> Work instructions: Could you filter the listing for lines with the word "EXISTS" and return them?

> Working data:
....

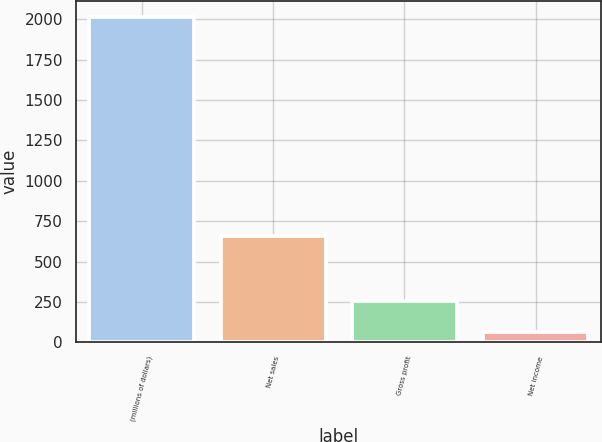Convert chart to OTSL. <chart><loc_0><loc_0><loc_500><loc_500><bar_chart><fcel>(millions of dollars)<fcel>Net sales<fcel>Gross profit<fcel>Net income<nl><fcel>2011<fcel>655.2<fcel>256.54<fcel>61.6<nl></chart> 
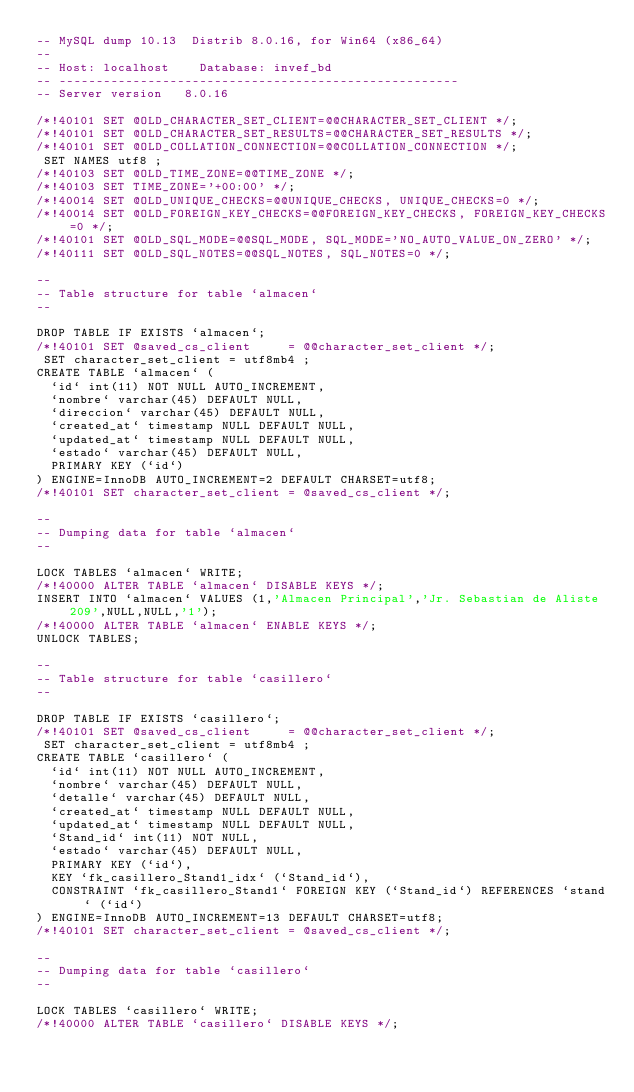Convert code to text. <code><loc_0><loc_0><loc_500><loc_500><_SQL_>-- MySQL dump 10.13  Distrib 8.0.16, for Win64 (x86_64)
--
-- Host: localhost    Database: invef_bd
-- ------------------------------------------------------
-- Server version	8.0.16

/*!40101 SET @OLD_CHARACTER_SET_CLIENT=@@CHARACTER_SET_CLIENT */;
/*!40101 SET @OLD_CHARACTER_SET_RESULTS=@@CHARACTER_SET_RESULTS */;
/*!40101 SET @OLD_COLLATION_CONNECTION=@@COLLATION_CONNECTION */;
 SET NAMES utf8 ;
/*!40103 SET @OLD_TIME_ZONE=@@TIME_ZONE */;
/*!40103 SET TIME_ZONE='+00:00' */;
/*!40014 SET @OLD_UNIQUE_CHECKS=@@UNIQUE_CHECKS, UNIQUE_CHECKS=0 */;
/*!40014 SET @OLD_FOREIGN_KEY_CHECKS=@@FOREIGN_KEY_CHECKS, FOREIGN_KEY_CHECKS=0 */;
/*!40101 SET @OLD_SQL_MODE=@@SQL_MODE, SQL_MODE='NO_AUTO_VALUE_ON_ZERO' */;
/*!40111 SET @OLD_SQL_NOTES=@@SQL_NOTES, SQL_NOTES=0 */;

--
-- Table structure for table `almacen`
--

DROP TABLE IF EXISTS `almacen`;
/*!40101 SET @saved_cs_client     = @@character_set_client */;
 SET character_set_client = utf8mb4 ;
CREATE TABLE `almacen` (
  `id` int(11) NOT NULL AUTO_INCREMENT,
  `nombre` varchar(45) DEFAULT NULL,
  `direccion` varchar(45) DEFAULT NULL,
  `created_at` timestamp NULL DEFAULT NULL,
  `updated_at` timestamp NULL DEFAULT NULL,
  `estado` varchar(45) DEFAULT NULL,
  PRIMARY KEY (`id`)
) ENGINE=InnoDB AUTO_INCREMENT=2 DEFAULT CHARSET=utf8;
/*!40101 SET character_set_client = @saved_cs_client */;

--
-- Dumping data for table `almacen`
--

LOCK TABLES `almacen` WRITE;
/*!40000 ALTER TABLE `almacen` DISABLE KEYS */;
INSERT INTO `almacen` VALUES (1,'Almacen Principal','Jr. Sebastian de Aliste 209',NULL,NULL,'1');
/*!40000 ALTER TABLE `almacen` ENABLE KEYS */;
UNLOCK TABLES;

--
-- Table structure for table `casillero`
--

DROP TABLE IF EXISTS `casillero`;
/*!40101 SET @saved_cs_client     = @@character_set_client */;
 SET character_set_client = utf8mb4 ;
CREATE TABLE `casillero` (
  `id` int(11) NOT NULL AUTO_INCREMENT,
  `nombre` varchar(45) DEFAULT NULL,
  `detalle` varchar(45) DEFAULT NULL,
  `created_at` timestamp NULL DEFAULT NULL,
  `updated_at` timestamp NULL DEFAULT NULL,
  `Stand_id` int(11) NOT NULL,
  `estado` varchar(45) DEFAULT NULL,
  PRIMARY KEY (`id`),
  KEY `fk_casillero_Stand1_idx` (`Stand_id`),
  CONSTRAINT `fk_casillero_Stand1` FOREIGN KEY (`Stand_id`) REFERENCES `stand` (`id`)
) ENGINE=InnoDB AUTO_INCREMENT=13 DEFAULT CHARSET=utf8;
/*!40101 SET character_set_client = @saved_cs_client */;

--
-- Dumping data for table `casillero`
--

LOCK TABLES `casillero` WRITE;
/*!40000 ALTER TABLE `casillero` DISABLE KEYS */;</code> 
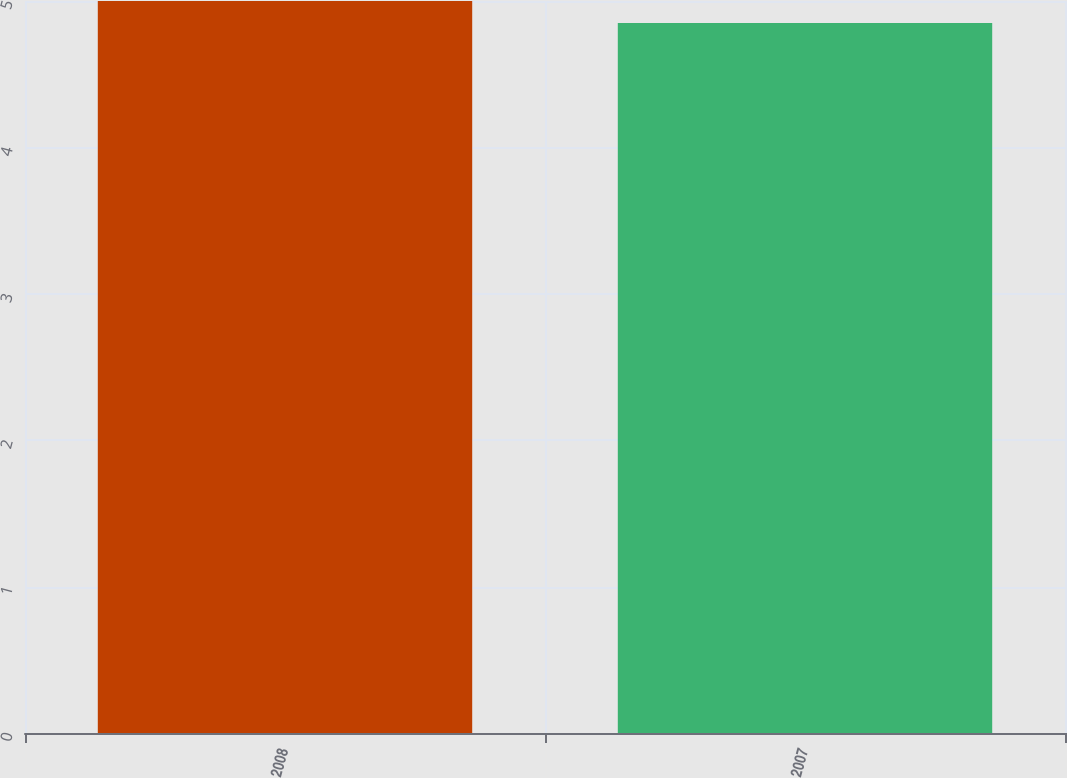<chart> <loc_0><loc_0><loc_500><loc_500><bar_chart><fcel>2008<fcel>2007<nl><fcel>5<fcel>4.85<nl></chart> 
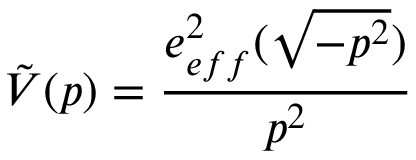<formula> <loc_0><loc_0><loc_500><loc_500>\tilde { V } ( p ) = \frac { e _ { e f f } ^ { 2 } ( \sqrt { - p ^ { 2 } } ) } { p ^ { 2 } }</formula> 
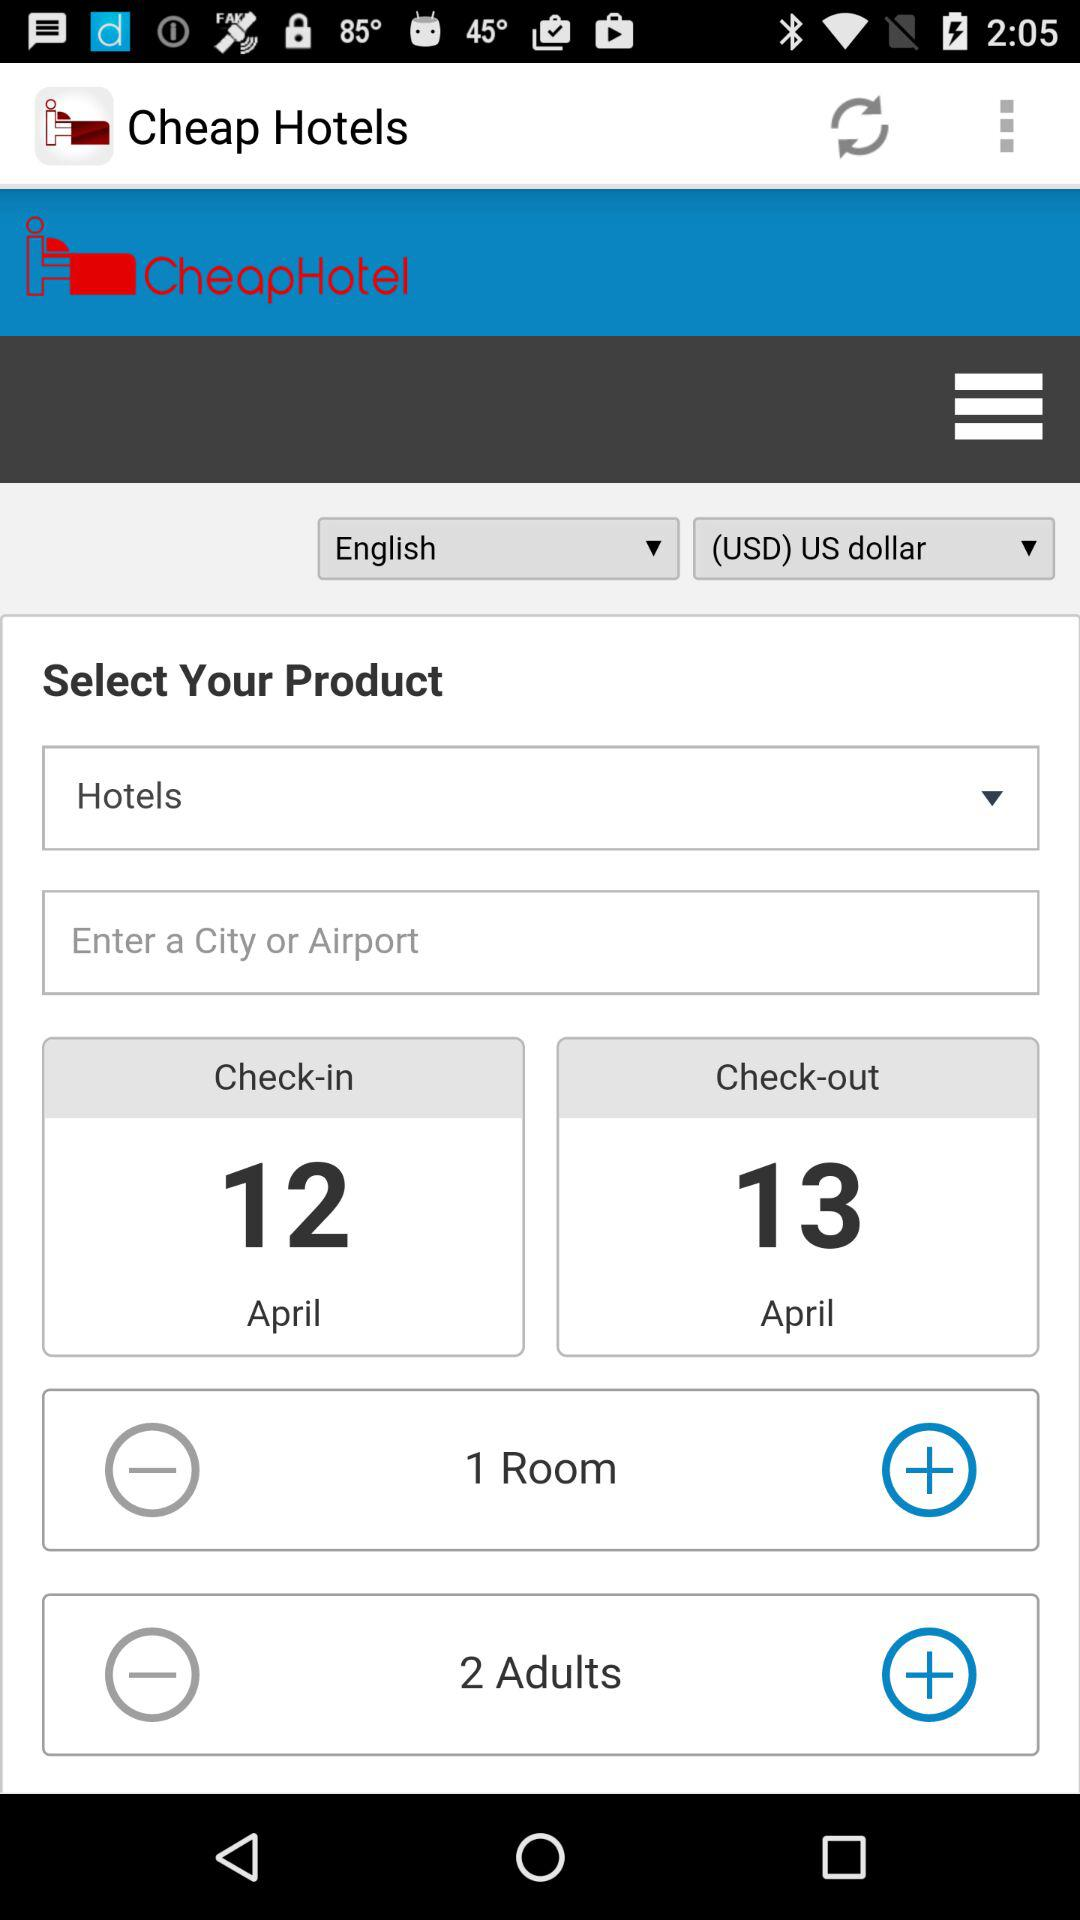How many rooms are selected for booking? There is 1 selected room. 
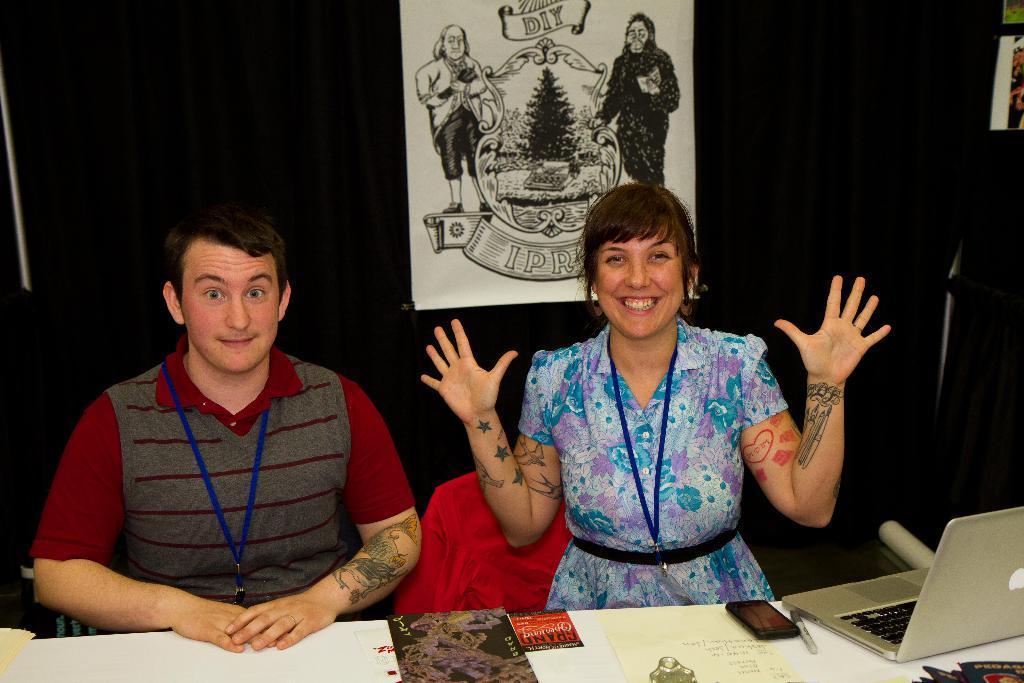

....

> Your response:
DROP TABLE IF EXISTS `almacen`;
DROP TABLE IF EXISTS `casillero`;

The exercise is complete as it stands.